Figure 2.2: Het modules menu in jamovi.

De jamovi library.

Figure 2.3: De jamovi library.

Selecteer in dit menu “jamovi-bibliotheek”, waarmee de jamovi-bibliotheek wordt geopend met een overzicht van alle beschikbare modules, zoals weergegeven in Figuur 2.3. Scroll naar beneden naar de “rosetta”-module, die “Parallel Use of Statistical Packages in Teaching” wordt genoemd en klik op de overeenkomstige “Installeren”-knop om de installatie te starten. Zodra de module is geïnstalleerd, verschijnt deze in de menubalk zoals weergegeven in Figuur 2.4.

De jamovi library.

Figure 2.4: De jamovi library.

Door de “rosetta”-module te installeren, worden de voorbeelddatasets die in dit boek worden gebruikt, beschikbaar. Hoofdstuk 4 legt uit hoe deze datasets (of andere datasets) in jamovi geladen kunnen worden.

2.2 R

R is een zeer krachtig hulpmiddel voor statistische analyses. Omdat het gemakkelijk uitbreidbaar is via pakketten, is het uitgegroeid tot een tool die u met vrijwel alles kan helpen: er zijn pakketten voor analyse op meerdere niveaus, het modelleren van structurele vergelijkingen, maar ook voor het visualiseren van geografische kaarten, het weergeven van driedimensionale objecten, het uitvoeren van tekst mining, werken met big data, directe interactie met databases, geavanceerde datavisualisatie, kwalitatieve analyse, en ga zo maar door.
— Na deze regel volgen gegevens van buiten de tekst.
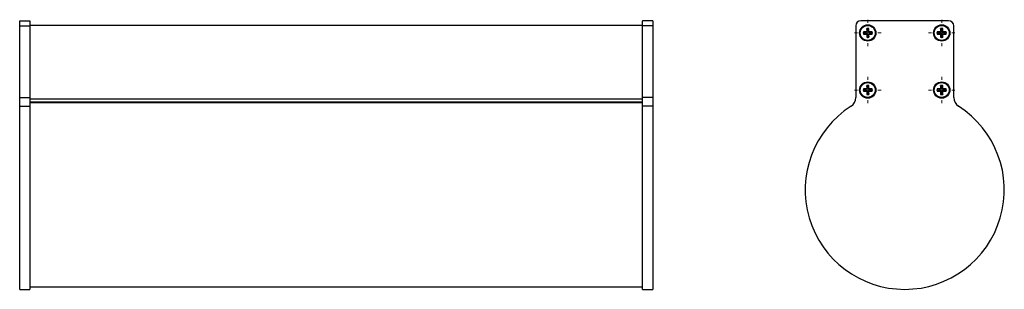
# Model space of a CAD drawing. Header units: millimetres. Extents: x 362 to 844, y 361 to 493.
import ezdxf

# ---------------------------------------------------------------- set-up
doc = ezdxf.new("R2010")
doc.units = ezdxf.units.MM

# ---------------------------------------------------------------- blocks, each defined once
blk = doc.blocks.new('SW_CENTERMARKSYMBOL_0')
at = {"color": 0, "linetype": 'Continuous', "lineweight": 18}
for p, q in [((0, 5), (0, 6.5)), ((-5, 0), (-6.5, 0)), ((0, 0), (-2.5, 0)), ((0, 0), (0, 2.5)), ((0, 0), (0, -2.5)), ((0, 0), (2.5, 0)), ((5, 0), (6.5, 0)), ((0, -5), (0, -6.5))]:
    blk.add_line(p, q, dxfattribs=at)
blk = doc.blocks.new('SW_CENTERMARKSYMBOL_1')
at = {"color": 0, "linetype": 'Continuous', "lineweight": 18}
for p, q in [((0, 5), (0, 6.5)), ((-5, 0), (-6.5, 0)), ((0, 0), (-2.5, 0)), ((0, 0), (0, 2.5)), ((0, 0), (0, -2.5)), ((0, 0), (2.5, 0)), ((5, 0), (6.5, 0)), ((0, -5), (0, -6.5))]:
    blk.add_line(p, q, dxfattribs=at)
blk = doc.blocks.new('SW_CENTERMARKSYMBOL_2')
at = {"color": 0, "linetype": 'Continuous', "lineweight": 18}
for p, q in [((0, 5), (0, 6.5)), ((-5, 0), (-6.5, 0)), ((0, 0), (-2.5, 0)), ((0, 0), (0, 2.5)), ((0, 0), (0, -2.5)), ((0, 0), (2.5, 0)), ((5, 0), (6.5, 0)), ((0, -5), (0, -6.5))]:
    blk.add_line(p, q, dxfattribs=at)
blk = doc.blocks.new('SW_CENTERMARKSYMBOL_3')
at = {"color": 0, "linetype": 'Continuous', "lineweight": 18}
for p, q in [((0, 5), (0, 6.5)), ((-5, 0), (-6.5, 0)), ((0, 0), (-2.5, 0)), ((0, 0), (0, 2.5)), ((0, 0), (0, -2.5)), ((0, 0), (2.5, 0)), ((5, 0), (6.5, 0)), ((0, -5), (0, -6.5))]:
    blk.add_line(p, q, dxfattribs=at)

msp = doc.modelspace()

# ---------------------------------------------------------------- linework, layer by layer
at = {"color": 7, "linetype": 'Continuous', "lineweight": 25}
for p, q in [((361.52, 492.77), (366.52, 492.77)), ((361.52, 490.27), (361.52, 492.77)), ((366.52, 492.77), (366.52, 490.27)), ((671.52, 492.77), (666.52, 492.77)), ((666.52, 490.27), (666.52, 492.77)), ((671.52, 492.77), (671.52, 490.27)), ((816.39, 492.77), (773.39, 492.77)), ((361.52, 490.27), (366.52, 490.27)), ((361.52, 455.07), (361.52, 490.27)), ((666.52, 490.37), (366.52, 490.37)), ((366.52, 490.27), (366.52, 455.07)), ((671.52, 490.27), (666.52, 490.27)), ((666.52, 455.07), (666.52, 490.27)), ((671.52, 490.27), (671.52, 455.07)), ((770.89, 490.27), (770.89, 455.07)), ((775.95, 487.31), (774.64, 487.31)), ((774.64, 487.31), (774.64, 486.23)), ((775.79, 487.08), (774.64, 487.31)), ((776.25, 488.92), (776.25, 487.61)), ((776.48, 487.77), (776.25, 488.92)), ((777.33, 488.92), (776.25, 488.92)), ((777.09, 487.77), (777.33, 488.92)), ((777.33, 487.61), (777.33, 488.92)), ((778.94, 487.31), (777.63, 487.31)), ((777.78, 487.08), (778.94, 487.31)), ((778.94, 486.23), (778.94, 487.31)), ((811.99, 487.08), (810.84, 487.31)), ((812.15, 487.31), (810.84, 487.31)), ((810.84, 487.31), (810.84, 486.23)), ((812.45, 488.92), (812.45, 487.61)), ((812.68, 487.77), (812.45, 488.92)), ((813.53, 488.92), (812.45, 488.92)), ((813.29, 487.77), (813.53, 488.92)), ((813.53, 487.61), (813.53, 488.92)), ((815.14, 487.31), (813.83, 487.31)), ((813.98, 487.08), (815.14, 487.31)), ((815.14, 486.23), (815.14, 487.31)), ((818.89, 455.07), (818.89, 490.27)), ((775.79, 486.47), (774.64, 486.23)), ((774.64, 486.23), (775.95, 486.23)), ((776.25, 485.93), (776.25, 484.62)), ((776.48, 485.78), (776.25, 484.62)), ((776.25, 484.62), (777.33, 484.62)), ((777.09, 485.78), (777.33, 484.62)), ((777.33, 484.62), (777.33, 485.93)), ((777.63, 486.23), (778.94, 486.23)), ((777.78, 486.47), (778.94, 486.23)), ((811.99, 486.47), (810.84, 486.23)), ((810.84, 486.23), (812.15, 486.23)), ((812.45, 485.93), (812.45, 484.62)), ((812.68, 485.78), (812.45, 484.62)), ((812.45, 484.62), (813.53, 484.62)), ((813.29, 485.78), (813.53, 484.62)), ((813.53, 484.62), (813.53, 485.93)), ((813.83, 486.23), (815.14, 486.23)), ((813.98, 486.47), (815.14, 486.23)), ((775.79, 459.08), (774.64, 459.31)), ((775.95, 459.31), (774.64, 459.31)), ((774.64, 459.31), (774.64, 458.23)), ((775.79, 458.47), (774.64, 458.23)), ((774.64, 458.23), (775.95, 458.23)), ((776.25, 460.92), (776.25, 459.61)), ((776.48, 459.77), (776.25, 460.92)), ((777.33, 460.92), (776.25, 460.92)), ((777.09, 459.77), (777.33, 460.92)), ((777.33, 459.61), (777.33, 460.92)), ((778.94, 459.31), (777.63, 459.31)), ((777.63, 458.23), (778.94, 458.23)), ((777.78, 459.08), (778.94, 459.31)), ((777.78, 458.47), (778.94, 458.23)), ((778.94, 458.23), (778.94, 459.31)), ((811.99, 459.08), (810.84, 459.31)), ((812.15, 459.31), (810.84, 459.31)), ((810.84, 459.31), (810.84, 458.23)), ((811.99, 458.47), (810.84, 458.23)), ((810.84, 458.23), (812.15, 458.23)), ((812.45, 460.92), (812.45, 459.61)), ((812.68, 459.77), (812.45, 460.92)), ((813.53, 460.92), (812.45, 460.92)), ((813.29, 459.77), (813.53, 460.92)), ((813.53, 459.61), (813.53, 460.92)), ((815.14, 459.31), (813.83, 459.31)), ((813.83, 458.23), (815.14, 458.23)), ((813.98, 459.08), (815.14, 459.31)), ((813.98, 458.47), (815.14, 458.23)), ((815.14, 458.23), (815.14, 459.31)), ((361.52, 455.07), (366.52, 455.07)), ((361.52, 450.86), (361.52, 455.07)), ((366.52, 455.07), (366.52, 450.86)), ((666.52, 454.37), (366.52, 454.37)), ((671.52, 455.07), (666.52, 455.07)), ((666.52, 450.86), (666.52, 455.07)), ((671.52, 455.07), (671.52, 450.86)), ((776.25, 457.93), (776.25, 456.62)), ((776.48, 457.78), (776.25, 456.62)), ((776.25, 456.62), (777.33, 456.62)), ((777.09, 457.78), (777.33, 456.62)), ((777.33, 456.62), (777.33, 457.93)), ((812.45, 457.93), (812.45, 456.62)), ((812.68, 457.78), (812.45, 456.62)), ((812.45, 456.62), (813.53, 456.62)), ((813.29, 457.78), (813.53, 456.62)), ((813.53, 456.62), (813.53, 457.93)), ((361.52, 450.86), (366.52, 450.86)), ((361.52, 361.06), (361.52, 450.86)), ((666.52, 452.84), (366.52, 452.84)), ((366.52, 450.86), (366.52, 361.06)), ((666.52, 361.06), (666.52, 450.86)), ((671.52, 450.86), (666.52, 450.86)), ((671.52, 450.86), (671.52, 361.06)), ((366.52, 362.31), (666.52, 362.31)), ((361.52, 361.06), (366.52, 361.06)), ((666.52, 361.06), (671.52, 361.06))]:
    msp.add_line(p, q, dxfattribs=at)
at = {"color": 8, "linetype": 'Continuous', "lineweight": 25}
for p, q in [((776.18, 487.08), (775.95, 487.31)), ((776.48, 487.38), (776.25, 487.61)), ((777.09, 487.38), (777.33, 487.61)), ((777.4, 487.08), (777.63, 487.31)), ((812.38, 487.08), (812.15, 487.31)), ((812.68, 487.38), (812.45, 487.61)), ((813.29, 487.38), (813.53, 487.61)), ((813.6, 487.08), (813.83, 487.31)), ((776.18, 486.47), (775.95, 486.23)), ((776.48, 486.16), (776.25, 485.93)), ((777.09, 486.16), (777.33, 485.93)), ((777.4, 486.47), (777.63, 486.23)), ((812.38, 486.47), (812.15, 486.23)), ((812.68, 486.16), (812.45, 485.93)), ((813.29, 486.16), (813.53, 485.93)), ((813.6, 486.47), (813.83, 486.23)), ((776.18, 459.08), (775.95, 459.31)), ((776.18, 458.47), (775.95, 458.23)), ((776.48, 459.38), (776.25, 459.61)), ((776.48, 458.16), (776.25, 457.93)), ((777.09, 459.38), (777.33, 459.61)), ((777.09, 458.16), (777.33, 457.93)), ((777.4, 459.08), (777.63, 459.31)), ((777.4, 458.47), (777.63, 458.23)), ((812.38, 459.08), (812.15, 459.31)), ((812.38, 458.47), (812.15, 458.23)), ((812.68, 459.38), (812.45, 459.61)), ((812.68, 458.16), (812.45, 457.93)), ((813.29, 459.38), (813.53, 459.61)), ((813.29, 458.16), (813.53, 457.93)), ((813.6, 459.08), (813.83, 459.31)), ((813.6, 458.47), (813.83, 458.23)), ((666.52, 452.57), (366.52, 452.57))]:
    msp.add_line(p, q, dxfattribs=at)
at = {"color": 7, "linetype": 'Continuous', "lineweight": 25}
for centre, radius in [((776.79, 486.77), 4), ((776.79, 486.77), 3.65), ((812.99, 486.77), 4), ((812.99, 486.77), 3.65), ((776.79, 458.77), 4), ((776.79, 458.77), 3.65), ((812.99, 458.77), 4), ((812.99, 458.77), 3.65)]:
    msp.add_circle(centre, radius, dxfattribs=at)
for centre, radius, start, end in [((773.39, 490.27), 2.5, 90, 180), ((816.39, 490.27), 2.5, 0, 90), ((765.89, 455.07), 5, 302.652, 0), ((823.89, 455.07), 5, 180, 237.348), ((794.89, 409.81), 48.75, 122.652, 57.348)]:
    msp.add_arc(centre, radius, start, end, dxfattribs=at)
for points in [[(775.95, 487.31), (776.02, 487.31), (776.1, 487.34), (776.22, 487.46), (776.25, 487.54), (776.25, 487.61)], [(777.33, 487.61), (777.33, 487.54), (777.36, 487.46), (777.47, 487.34), (777.56, 487.31), (777.63, 487.31)], [(812.15, 487.31), (812.22, 487.31), (812.3, 487.34), (812.42, 487.46), (812.45, 487.54), (812.45, 487.61)], [(813.53, 487.61), (813.53, 487.54), (813.56, 487.46), (813.67, 487.34), (813.76, 487.31), (813.83, 487.31)], [(776.25, 485.93), (776.25, 486), (776.22, 486.09), (776.1, 486.2), (776.02, 486.23), (775.95, 486.23)], [(777.63, 486.23), (777.56, 486.23), (777.47, 486.2), (777.36, 486.09), (777.33, 486), (777.33, 485.93)], [(812.45, 485.93), (812.45, 486), (812.42, 486.09), (812.3, 486.2), (812.22, 486.23), (812.15, 486.23)], [(813.83, 486.23), (813.76, 486.23), (813.67, 486.2), (813.56, 486.09), (813.53, 486), (813.53, 485.93)], [(775.95, 459.31), (776.02, 459.31), (776.1, 459.34), (776.22, 459.46), (776.25, 459.54), (776.25, 459.61)], [(776.25, 457.93), (776.25, 458), (776.22, 458.09), (776.1, 458.2), (776.02, 458.23), (775.95, 458.23)], [(777.33, 459.61), (777.33, 459.54), (777.36, 459.46), (777.47, 459.34), (777.56, 459.31), (777.63, 459.31)], [(777.63, 458.23), (777.56, 458.23), (777.47, 458.2), (777.36, 458.09), (777.33, 458), (777.33, 457.93)], [(812.15, 459.31), (812.22, 459.31), (812.3, 459.34), (812.42, 459.46), (812.45, 459.54), (812.45, 459.61)], [(812.45, 457.93), (812.45, 458), (812.42, 458.09), (812.3, 458.2), (812.22, 458.23), (812.15, 458.23)], [(813.53, 459.61), (813.53, 459.54), (813.56, 459.46), (813.67, 459.34), (813.76, 459.31), (813.83, 459.31)], [(813.83, 458.23), (813.76, 458.23), (813.67, 458.2), (813.56, 458.09), (813.53, 458), (813.53, 457.93)]]:
    msp.add_open_spline(points, degree=3, knots=[0, 0, 0, 0, 0.5, 0.5, 1, 1, 1, 1], dxfattribs=at)

# ---------------------------------------------------------------- block references
at = {"color": 7, "linetype": 'Continuous', "lineweight": 0}
for name, p in [('SW_CENTERMARKSYMBOL_3', (776.79, 486.77)), ('SW_CENTERMARKSYMBOL_2', (812.99, 486.77)), ('SW_CENTERMARKSYMBOL_1', (776.79, 458.77)), ('SW_CENTERMARKSYMBOL_0', (812.99, 458.77))]:
    msp.add_blockref(name, p, dxfattribs=at)

doc.saveas('drawing.dxf')

R kan worden gedownload vanaf https://cloud.r-project.org/. Wanneer u R downloadt, krijgt u allen het statistische pakket zelf. Er zijn veel manieren om het werken met R prettiger en efficiënter te maken, zoals het populaire RStudio.

2.2.1 R Studio

Een populaire omgeving is RStudio. RStudio kan worden gedownload van https://rstudio.com/products/rstudio/ (kies RStudio Desktop). Zie Figuur 2.5 voor een illustratie van hoe RStudio er uitziet.

Voorbeeld RStudio.

Figure 2.5: Voorbeeld RStudio.

RStudio is een interface die vier deelvensters met tabbladen gebruikt om interacties met R te vergemakkelijken. Het deelvenster linksboven bevat het analysescript of meerdere scripts waaraan u werkt. Het paneel linksonder bevat de R-console. Het paneel rechtsboven bevat een overzicht van alle datasets en andere objecten die u hebt geladen, evenals een geschiedenis van de opdrachten die u aan R hebt verstrekt. Ten slotte biedt het paneel rechtsonder eenvoudig toegang tot een overzicht van alle bestanden in uw project, de plots die je hebt gemaakt, de R-pakketten die je hebt geïnstalleerd en geladen, en de online handleiding van R en je pakketten.

2.2.2 Packages

R wordt geleverd met veel basisfuncties, ook wel Base R genoemd. Onderzoekers maken georganiseerde verzamelingen van R-functies, ook wel pakketten genoemd, om het gebruik van verschillende statistische methodologieën en analyses te vergemakkelijken. Deze pakketten zijn gratis en leveren bruikbare output op voor gebruikers. Iedereen kan een R-pakket maken. Het is gebruikelijk om de pakketten die u gebruikt te citeren in het verwijzingsgedeelte van uw onderzoek.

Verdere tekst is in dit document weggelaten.